* Task: In the entries below, find every line with the string "naaldhout" and copy it.

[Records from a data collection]
────────────────────
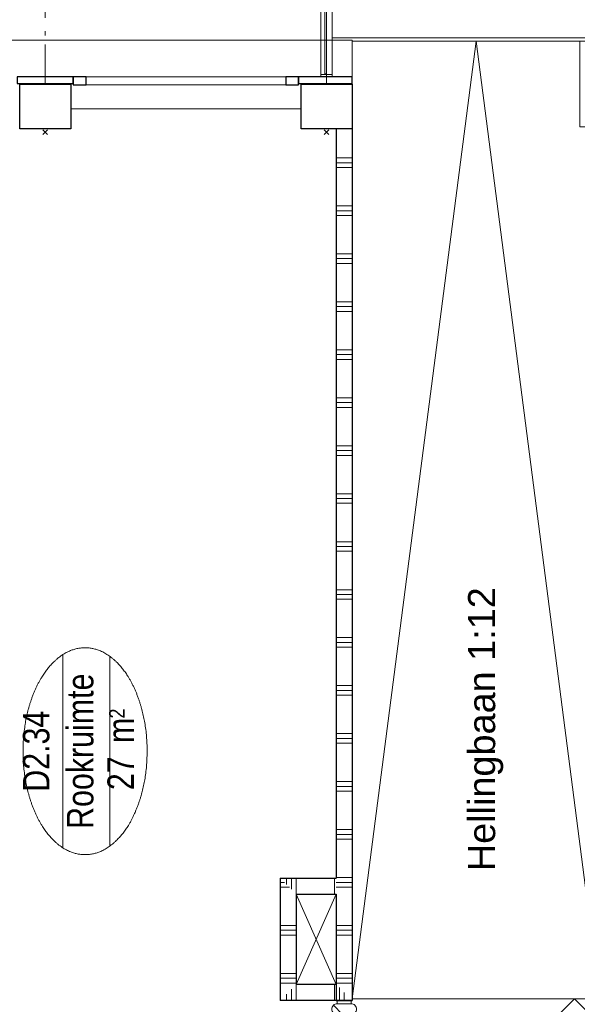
# Model space of a CAD drawing. Header units: millimetres. Extents: x -46954 to 169732, y -26853 to 94136.
# Tile 39 of 174: x -10588 to -7099, y 54788 to 60945. Entities that reach past the tile are written whole.
import ezdxf
from ezdxf.enums import TextEntityAlignment as Align

# ---------------------------------------------------------------- set-up
doc = ezdxf.new("R2010")
doc.units = ezdxf.units.MM
doc.header["$LTSCALE"] = 400
doc.header["$PDMODE"] = 3
doc.header["$PDSIZE"] = 15
doc.linetypes.add('STYLE_06', pattern=[1.041641, 0.625, -0.208282, 0.069427, -0.138931])
for name, color, linetype, lineweight in [('Buitenkozijnen', 140, 'Continuous', 15), ('kozijnen', 140, 'Continuous', 15), ('mat-baksteen', 5, 'Continuous', 25), ('mat-beton (ihwg)', 5, 'Continuous', 25), ('mat-glas-hor', 140, 'Continuous', 15), ('mat-naaldhout', 140, 'Continuous', 15), ('mat-scheidingswand-horizontaal', 5, 'Continuous', 25), ('mat-staal_zink', 140, 'Continuous', 15), ('None', 7, 'Continuous', 9), ('Ruimtenummers', 5, 'Continuous', 25), ('Tekst', 140, 'Continuous', 15)]:
    doc.layers.add(name, color=color, linetype=linetype, lineweight=lineweight)
doc.layers.add('inlay', color=6, linetype='Continuous')
doc.styles.add('Arial', font='arial.ttf', dxfattribs={"height": 176.388889})
doc.styles.add('Arial Narrow', font='ARIALN.TTF', dxfattribs={"height": 222.25})

# ---------------------------------------------------------------- blocks, each defined once
blk = doc.blocks.new('*X808')
at = {"layer": 'None', "lineweight": 9}
for p, q in [((23400, 4450), (23400, 4550)), ((23430, 4450), (23430, 4550)), ((23460, 4450), (23460, 4550)), ((23700, 4450), (23700, 4550)), ((23730, 4450), (23730, 4550)), ((23760, 4450), (23760, 4550)), ((24000, 4450), (24000, 4550)), ((24030, 4450), (24030, 4550)), ((24060, 4450), (24060, 4550)), ((24300, 4450), (24300, 4550)), ((24330, 4450), (24330, 4550)), ((24360, 4450), (24360, 4550)), ((24600, 4450), (24600, 4550)), ((24630, 4450), (24630, 4550)), ((24660, 4450), (24660, 4550)), ((24900, 4450), (24900, 4550)), ((24930, 4450), (24930, 4550)), ((24960, 4450), (24960, 4550)), ((25200, 4450), (25200, 4550)), ((25230, 4450), (25230, 4550)), ((25260, 4450), (25260, 4550)), ((25500, 4450), (25500, 4550)), ((25530, 4450), (25530, 4550)), ((25560, 4450), (25560, 4550)), ((25800, 4450), (25800, 4550)), ((25830, 4450), (25830, 4550)), ((25860, 4450), (25860, 4550)), ((26100, 4450), (26100, 4550)), ((26130, 4450), (26130, 4550)), ((26160, 4450), (26160, 4550)), ((26400, 4450), (26400, 4550)), ((26430, 4450), (26430, 4550)), ((26460, 4450), (26460, 4550)), ((26700, 4450), (26700, 4550)), ((26730, 4450), (26730, 4550)), ((26760, 4450), (26760, 4550)), ((27000, 4450), (27000, 4550)), ((27030, 4450), (27030, 4550)), ((27060, 4450), (27060, 4550)), ((27300, 4450), (27300, 4550)), ((27330, 4450), (27330, 4550)), ((27360, 4450), (27360, 4550)), ((27600, 4450), (27600, 4550)), ((27630, 4450), (27630, 4550)), ((27660, 4450), (27660, 4550)), ((27900, 4450), (27900, 4550)), ((27930, 4450), (27930, 4550)), ((27960, 4450), (27960, 4550)), ((28200, 4450), (28200, 4550)), ((28230, 4450), (28230, 4550)), ((28260, 4450), (28260, 4550)), ((28500, 4450), (28500, 4550)), ((28530, 4450), (28530, 4550)), ((28560, 4450), (28560, 4550))]:
    blk.add_line(p, q, dxfattribs=at)
blk = doc.blocks.new('Kolom 280x320')
at = {"layer": 'mat-beton (ihwg)', "lineweight": 25}
blk.add_lwpolyline([(-300, 160), (-20, 160), (-20, -160), (-300, -160)], close=True, dxfattribs=at)
at = {"layer": 'None', "color": 92, "linetype": 'Continuous', "lineweight": 5}
blk.add_point((0, 0), dxfattribs=at)
blk = doc.blocks.new('Ruimtenummer UV 50')
at = {"layer": 'Ruimtenummers', "color": 8, "lineweight": 5}
for p, q in [((602.2, 156.5), (-602.3, 156.5)), ((594.7, -137.5), (-594.8, -137.5))]:
    blk.add_line(p, q, dxfattribs=at)
blk.add_open_spline([(-323.4, 353.8), (-173.3, 405.8), (173.3, 405.8), (323.4, 353.8), (473.5, 301.8), (560.1, 211.8), (646.8, 121.7), (646.8, 17.7), (646.8, -86.3), (560.1, -176.3), (473.5, -266.4), (323.4, -318.4), (173.3, -370.4), (-173.3, -370.4), (-323.4, -318.4), (-473.5, -266.4), (-560.2, -176.3), (-646.8, -86.3), (-646.8, 17.7), (-646.8, 121.7), (-560.2, 211.8), (-473.5, 301.8), (-323.4, 353.8)], degree=2, knots=[0, 0, 0, 0.09962, 0.19924, 0.19924, 0.283607, 0.283607, 0.349619, 0.349619, 0.415638, 0.415638, 0.5, 0.5, 0.59962, 0.69924, 0.69924, 0.783607, 0.783607, 0.849619, 0.849619, 0.915638, 0.915638, 1, 1, 1], dxfattribs=at)
at = {"layer": 'Ruimtenummers', "attachment_point": 2, "style": 'Arial Narrow'}
for s, insert, char_height in [(' m', (103.6, -122.2), 165.95), (' 2', (220.1, -132.8), 96.8)]:
    blk.add_mtext(s, dxfattribs=dict(at, insert=insert, char_height=char_height))
at = {"layer": 'Ruimtenummers', "style": 'Arial Narrow'}
for tag, p in [('Nummer', (0, 406.9)), ('Naam', (0, 131.7)), ('Oppervlak', (-137.9, -122.2))]:
    blk.add_attdef(tag, text='', height=165.9, dxfattribs=at).set_placement(p, align=Align.TOP_CENTER)
blk = doc.blocks.new('Gevelpui best 1410 (2D)')
at = {"layer": 'Buitenkozijnen', "lineweight": 15}
for p, q in [((-260, 0), (-260, -1410)), ((-260, 0), (-210, 0)), ((-210, 0), (-210, -1410)), ((-260, -1410), (-210, -1410))]:
    blk.add_line(p, q, dxfattribs=at)
at = {"layer": 'Buitenkozijnen', "color": 92, "lineweight": 25}
for points in [[(-260, 0), (-210, 0), (-210, -80), (-260, -80)], [(-260, -1330), (-210, -1330), (-210, -1410), (-260, -1410)]]:
    blk.add_lwpolyline(points, close=True, dxfattribs=at)
at = {"layer": 'None', "color": 43, "linetype": 'Continuous', "lineweight": 9}
blk.add_line((-410, 15), (-410, -1425), dxfattribs=at)
blk = doc.blocks.new('*U1115')
at = {"layer": 'mat-glas-hor', "color": 140, "lineweight": 15}
blk.add_lwpolyline([(22373.3, 4506), (23078.4, 4506), (23078.4, 4494), (22373.3, 4494)], close=True, dxfattribs=at)
at = {"layer": 'mat-naaldhout', "color": 140, "linetype": 'Continuous', "lineweight": 15}
for points in [[(22368.1, 4491.5), (22393.1, 4491.5), (22393.1, 4466.5), (22259.1, 4466.5), (22259.1, 4533.5), (22368.1, 4533.5)], [(23090.1, 4491.5), (23065.1, 4491.5), (23065.1, 4466.5), (23199.1, 4466.5), (23199.1, 4533.5), (23090.1, 4533.5)]]:
    blk.add_lwpolyline(points, close=True, dxfattribs=at)
at = {"layer": 'None', "color": 43, "linetype": 'Continuous', "lineweight": 9}
blk.add_line((22259.1, 5460.1), (22259.1, 4520), dxfattribs=at)
at = {"layer": 'None', "color": 8, "lineweight": 5}
blk.add_lwpolyline([(23199.1, 4466.5), (23199.1, 4533.5), (22368.1, 4533.5), (22368.1, 4466.5)], close=True, dxfattribs=at)
at = {"layer": 'None', "color": 43, "linetype": 'Continuous', "lineweight": 9}
blk.add_arc((22259.1, 4520), 940.1, 0, 90, dxfattribs=at)
blk = doc.blocks.new('*X127')
at = {"layer": 'None', "lineweight": 5}
blk.add_line((-23.7, -23.7), (33.5, 33.5), dxfattribs=at)
blk = doc.blocks.new('houten stijl 67 x 114')
at = {"layer": 'mat-naaldhout', "color": 140, "linetype": 'Continuous', "lineweight": 15, "flags": 128}
blk.add_lwpolyline([(33.5, 0), (33.5, 0, -0.414214), (0, -33.5), (0, -33.5, -0.414214), (-33.5, 0), (-33.5, 88), (-33.5, 88, -0.414214), (0, 121.5), (0, 121.5, -0.414214), (33.5, 88)], format="xyb", close=True, dxfattribs=at)
at = {"layer": 'mat-naaldhout', "color": 140}
blk.add_blockref('*X127', (0, 0), dxfattribs=at)
blk = doc.blocks.new('*U1116')
at = {"layer": 'mat-glas-hor', "color": 8, "lineweight": 5}
blk.add_lwpolyline([(22187.1, 4474), (22187.1, 4544), (21178.1, 4544), (21178.1, 4474)], close=True, dxfattribs=at)
at = {"layer": 'mat-glas-hor', "color": 140, "lineweight": 15}
blk.add_lwpolyline([(22180.6, 4504), (22180.6, 4514), (21184.6, 4514), (21184.6, 4504)], close=True, dxfattribs=at)
at = {"layer": 'mat-naaldhout', "color": 140, "linetype": 'Continuous', "lineweight": 15, "flags": 128}
for points in [[(21178.1, 4519.3), (21178.1, 4544.3), (21179.1, 4544.3, -0.414214), (21181.1, 4542.3), (21181.1, 4525.8, 0.414214), (21184.6, 4522.3), (21201.1, 4522.3, -0.414214), (21203.1, 4520.3), (21203.1, 4519.3)], [(21178.1, 4498.7), (21178.1, 4473.7), (21179.1, 4473.7, 0.414214), (21181.1, 4475.7), (21181.1, 4492.2, -0.414214), (21184.6, 4495.7), (21201.1, 4495.7, 0.414214), (21203.1, 4497.7), (21203.1, 4498.7)], [(22187.1, 4519.3), (22187.1, 4544.3), (22186.1, 4544.3, 0.414214), (22184.1, 4542.3), (22184.1, 4525.8, -0.414214), (22180.6, 4522.3), (22164.1, 4522.3, 0.414214), (22162.1, 4520.3), (22162.1, 4519.3)], [(22187.1, 4498.7), (22187.1, 4473.7), (22186.1, 4473.7, -0.414214), (22184.1, 4475.7), (22184.1, 4492.2, 0.414214), (22180.6, 4495.7), (22164.1, 4495.7, -0.414214), (22162.1, 4497.7), (22162.1, 4498.7)]]:
    blk.add_lwpolyline(points, format="xyb", close=True, dxfattribs=at)
at = {"layer": 'None', "color": 7, "xscale": -1}
for p in [(21144.6, 4456), (22220.6, 4456)]:
    blk.add_blockref('houten stijl 67 x 114', p, dxfattribs=at)
blk = doc.blocks.new('*U1117')
at = {"layer": 'None', "color": 140, "linetype": 'Continuous', "lineweight": 15}
for points in [[(21091.1, 4544), (21111.1, 4544), (21111.1, 4456), (21091.1, 4456)], [(23271.1, 4544), (23291.1, 4544), (23291.1, 4456), (23271.1, 4456)]]:
    blk.add_lwpolyline(points, close=True, dxfattribs=at)
at = {"layer": 'None', "color": 7}
for name in ['*U1115', '*U1116']:
    blk.add_blockref(name, (0, 0), dxfattribs=at)
at = {"layer": 'None', "color": 7, "rotation": 180}
blk.add_blockref('houten stijl 67 x 114', (23237.6, 4544), dxfattribs=at)
blk = doc.blocks.new('*X1267')
at = {"layer": 'None', "lineweight": 9}
for p, q in [((23400, 4800), (23400, 4900)), ((23430, 4800), (23430, 4900)), ((23460, 4800), (23460, 4900)), ((23700, 4800), (23700, 4900)), ((23730, 4800), (23730, 4900)), ((23760, 4800), (23760, 4900)), ((24000, 4843), (24000, 4900)), ((24030, 4873), (24030, 4900))]:
    blk.add_line(p, q, dxfattribs=at)
blk = doc.blocks.new('*X1268')
at = {"layer": 'None', "lineweight": 9}
for p, q in [((23987, 4830), (24057, 4830)), ((24017, 4860), (24057, 4860)), ((23957, 4800), (24057, 4800)), ((23957, 4560), (24057, 4560))]:
    blk.add_line(p, q, dxfattribs=at)
blk = doc.blocks.new('*X1269')
at = {"layer": 'None', "lineweight": 9}
for p, q in [((23291.4, 4860), (23331.4, 4860)), ((23291.4, 4830), (23361.4, 4830)), ((23291.4, 4800), (23391.4, 4800)), ((23291.4, 4560), (23391.4, 4560)), ((23291.4, 4530), (23371.4, 4530)), ((23291.4, 4500), (23341.4, 4500))]:
    blk.add_line(p, q, dxfattribs=at)
blk = doc.blocks.new('*U1270')
at = {"layer": 'None', "lineweight": 9}
for p, q in [((23391.4, 4800), (23957, 4550)), ((23957, 4800), (23391.4, 4550))]:
    blk.add_line(p, q, dxfattribs=at)
blk = doc.blocks.new('*U1435')
at = {"layer": 'mat-glas-hor', "color": 140, "lineweight": 15}
blk.add_lwpolyline([(29086.1, 4620), (29555.8, 4620), (29555.8, 4610), (29086.1, 4610)], close=True, dxfattribs=at)
at = {"layer": 'mat-staal_zink', "color": 8, "lineweight": 5}
blk.add_lwpolyline([(29081.1, 4575), (29066.1, 4575), (29066.1, 4645), (29081.1, 4645)], close=True, dxfattribs=at)
at = {"layer": 'None', "color": 8, "linetype": 'Continuous', "lineweight": 5}
for p, q in [((34041.1, 4645), (29081.1, 4645)), ((29081.1, 4575), (34111.1, 4575))]:
    blk.add_line(p, q, dxfattribs=at)

msp = doc.modelspace()

# ---------------------------------------------------------------- linework, layer by layer
at = {"layer": 'inlay'}
for p, q in [((-8601.73324, 53336.80662), (-7116.96711, 54821.57274)), ((-4337.73324, 52042.73728), (-7116.5687, 54821.57274))]:
    msp.add_line(p, q, dxfattribs=at)
at = {"layer": 'kozijnen', "color": 43, "lineweight": 9, "flags": 128}
msp.add_lwpolyline([(-8507.73324, 60586.57274), (-8507.73324, 60816.53211), (-12737.73324, 60816.53211), (-12737.73324, 60546.53211)], dxfattribs=at)
at = {"layer": 'kozijnen', "color": 92, "lineweight": 25}
for points in [[(-10252.73324, 60546.53211), (-10252.73324, 60586.57274), (-10602.73324, 60586.57274), (-10602.73324, 60546.53211)], [(-8507.73324, 60546.53211), (-8507.73324, 60586.57274), (-8842.73324, 60586.57274), (-8842.73324, 60546.53211)]]:
    msp.add_lwpolyline(points, close=True, dxfattribs=at)
at = {"layer": 'mat-scheidingswand-horizontaal', "lineweight": 25}
for p, q in [((-8607.73324, 60261.57274), (-8607.73324, 55577.55053)), ((-8507.73324, 60261.57274), (-8507.73324, 54811.88586)), ((-8957.73324, 55577.55053), (-8957.73324, 54811.88586)), ((-8957.73324, 55577.55053), (-8607.73324, 55577.55053)), ((-8857.73324, 55477.55053), (-8857.73324, 54911.88586)), ((-8857.73324, 55477.55053), (-8607.73324, 55477.55053)), ((-8607.73324, 55477.55053), (-8607.73324, 54811.88586)), ((-8607.73324, 54911.88586), (-8857.73324, 54911.88586)), ((-8507.73324, 54811.88586), (-8957.73324, 54811.88586)), ((-8607.73324, 54811.88586), (-8507.73324, 54811.88586))]:
    msp.add_line(p, q, dxfattribs=at)
at = {"layer": 'None', "color": 7, "linetype": 'STYLE_06', "lineweight": 9}
for p, q in [((-10427.73324, 62040.09284), (-10427.73324, 60540.09284)), ((-8667.73324, 62040.09284), (-8667.73324, 60540.09284))]:
    msp.add_line(p, q, dxfattribs=at)
at = {"layer": 'None', "color": 8, "linetype": 'Continuous', "lineweight": 5}
msp.add_lwpolyline([(-8632.73346, 60831.57274), (-8632.73346, 60816.53211), (-8507.73324, 60816.53211), (-8507.73324, 60811.57274), (-6935.73287, 60811.57274), (-6935.73287, 60831.57274)], close=True, dxfattribs=at)
at = {"layer": 'None', "color": 43, "linetype": 'Continuous', "lineweight": 9}
msp.add_lwpolyline([(-8507.73324, 54821.57274), (-6957.73324, 54821.57274), (-6957.73324, 60275.26673), (-7082.73324, 60275.26673), (-7082.73324, 60811.57274), (-8507.73324, 60811.57274)], close=True, dxfattribs=at)
msp.add_lwpolyline([(-8507.73324, 54821.57274), (-7732.73324, 60811.57274), (-6957.73324, 54821.57274)], dxfattribs=at)

# ---------------------------------------------------------------- block references
at = {"layer": 'kozijnen', "color": 7, "xscale": -1, "rotation": 270}
msp.add_blockref('Gevelpui best 1410 (2D)', (-8842.73324, 60796.53211), dxfattribs=at)
msp.add_blockref('Gevelpui best 1410 (2D)', (-8842.73324, 60796.53211), dxfattribs=at)
at = {"layer": 'mat-baksteen', "color": 7, "rotation": 270}
for p in [(-10427.73324, 60241.57274), (-8667.73324, 60241.57274)]:
    msp.add_blockref('Kolom 280x320', p, dxfattribs=at)
at = {"layer": 'mat-scheidingswand-horizontaal', "rotation": 90}
for name in ['*X808', '*X1267', '*X1268', '*X1269']:
    msp.add_blockref(name, (-4057.73324, 31520.51338), dxfattribs=at)
at = {"layer": 'None', "color": 7, "rotation": 90}
for name in ['*U1435', '*U1270', '*U1117']:
    msp.add_blockref(name, (-4057.73324, 31520.51338), dxfattribs=at)
at = {"layer": 'Ruimtenummers', "rotation": 90}
msp.add_blockref('Ruimtenummer UV 50', (-10160.92159, 56370.51338), dxfattribs=at).add_auto_attribs({'Nummer': 'D2.34', 'Naam': 'Rookruimte', 'Oppervlak': '27'})

# ---------------------------------------------------------------- texts
at = {"layer": 'Tekst', "color": 7, "insert": (-7782.38994, 55620.42274), "char_height": 169.3333333, "attachment_point": 1, "rotation": 90, "style": 'Arial'}
msp.add_mtext('Hellingbaan 1:12', dxfattribs=at)

doc.saveas('drawing.dxf')
────────────────────
* Answer to the exercise:
for name, color, linetype, lineweight in [('Buitenkozijnen', 140, 'Continuous', 15), ('kozijnen', 140, 'Continuous', 15), ('mat-baksteen', 5, 'Continuous', 25), ('mat-beton (ihwg)', 5, 'Continuous', 25), ('mat-glas-hor', 140, 'Continuous', 15), ('mat-naaldhout', 140, 'Continuous', 15), ('mat-scheidingswand-horizontaal', 5, 'Continuous', 25), ('mat-staal_zink', 140, 'Continuous', 15), ('None', 7, 'Continuous', 9), ('Ruimtenummers', 5, 'Continuous', 25), ('Tekst', 140, 'Continuous', 15)]:
at = {"layer": 'mat-naaldhout', "color": 140, "linetype": 'Continuous', "lineweight": 15}
at = {"layer": 'mat-naaldhout', "color": 140, "linetype": 'Continuous', "lineweight": 15, "flags": 128}
at = {"layer": 'mat-naaldhout', "color": 140}
at = {"layer": 'mat-naaldhout', "color": 140, "linetype": 'Continuous', "lineweight": 15, "flags": 128}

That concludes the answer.